Abstract

Abstract Anthocyanin biosynthesis has been studied in hypocotyls and whole seedlings of tomato ( Lycoperskon esculentum Mill.) wild types (WTs) and photomorphogenic mutants. In white light (WL)/dark (D) cycles the fri 1 mutant, deficient in phytochrome A (phyA), shows an enhancement of anthocyanin accumulation, whereas the tri 1 mutant, deficient in phytochrome Bl (phyBl) has a WT level of anthocyanin. Under pulses of red light (R) or R followed by far‐red light (FR) given every 4 h, phyA is responsible for the non‐R/FR reversible response, whereas phyBl is partially responsible for the R/FR reversible response. From R and blue light (B) pretreatment studies, B is most effective in increasing phytochrome responsiveness, whereas under R itself it appears to be dependent on the presence of phyBl. Anthocyanin biosynthesis during a 24 h period of monochromatic irradiation at different flu‐ence rates of 4 day‐old D‐grown seedlings has been studied.
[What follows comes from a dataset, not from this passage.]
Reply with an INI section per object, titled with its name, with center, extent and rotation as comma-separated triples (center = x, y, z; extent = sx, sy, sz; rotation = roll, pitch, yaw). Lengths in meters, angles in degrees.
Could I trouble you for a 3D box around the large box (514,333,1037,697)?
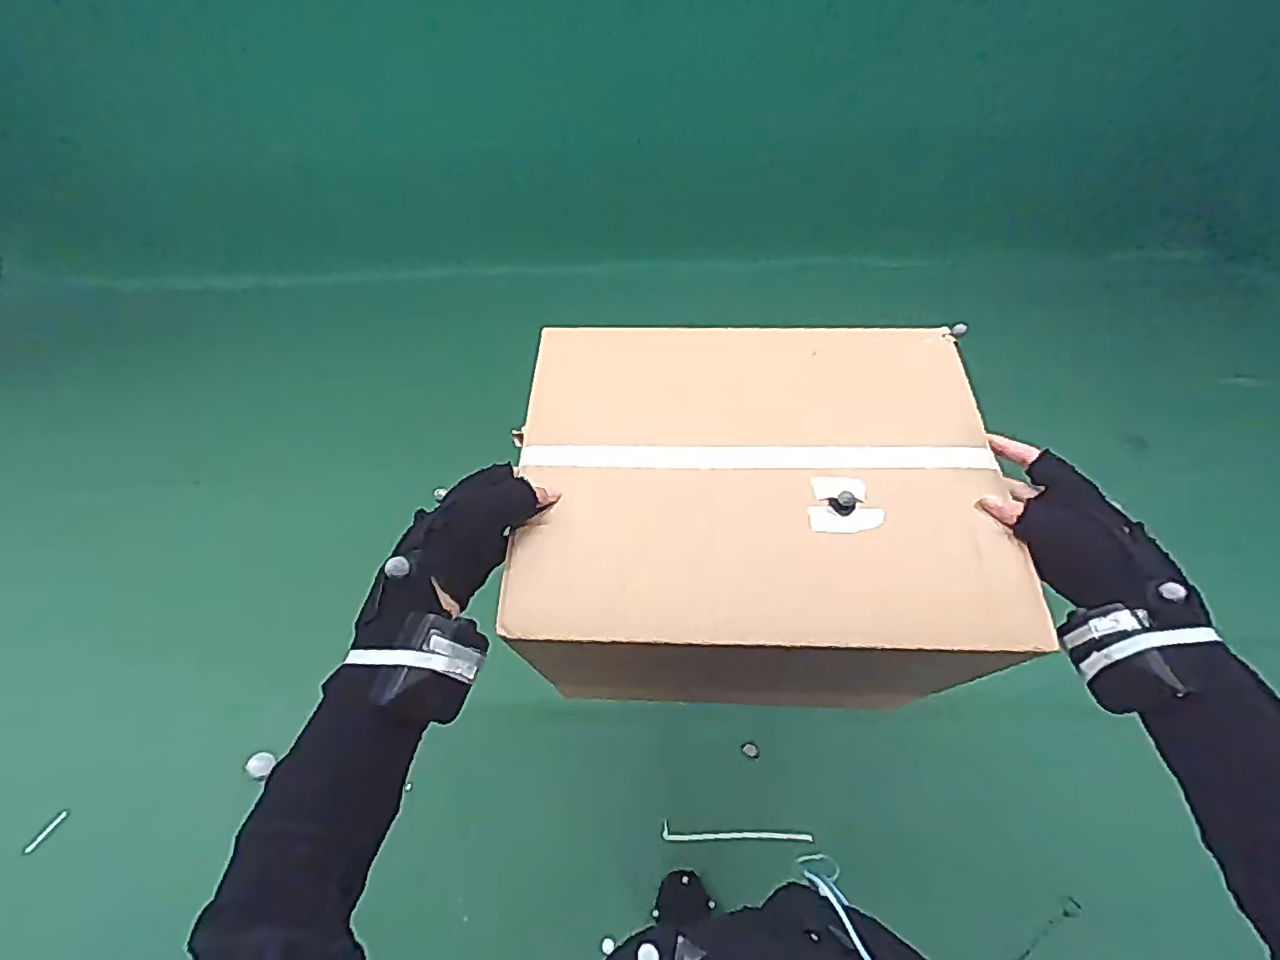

At 660 nm the fluence rate‐response relationships for induction of anthocyanin in the WT are similar, yet complex, showing a low fluence rate response (LFRR) and a fluence rate‐dependent high irradiance response (HIR). The high‐pigment‐1 ( hp‐1 ) mutant exhibits a strong amplification of both the LFRR and HIR. The fri 1 mutant lacks the LFRR while retaining a normal HIR. In contrast, a transgenic tomato line overexpressing the oat PHYA3 gene shows a dramatic amplification of the LFRR. The tri 1 mutant, retains the LFRR but lacks the HIR, whereas the fri 1 , tri 1 double mutant lacks both components. Only an LFRR is seen at 729 nm in WT; however, an appreciable HIR is observed at 704 nm, which is retained in the tri 1 mutant and is absent in the fri 1 mutant, indicating the labile phyA pool regulates this response component.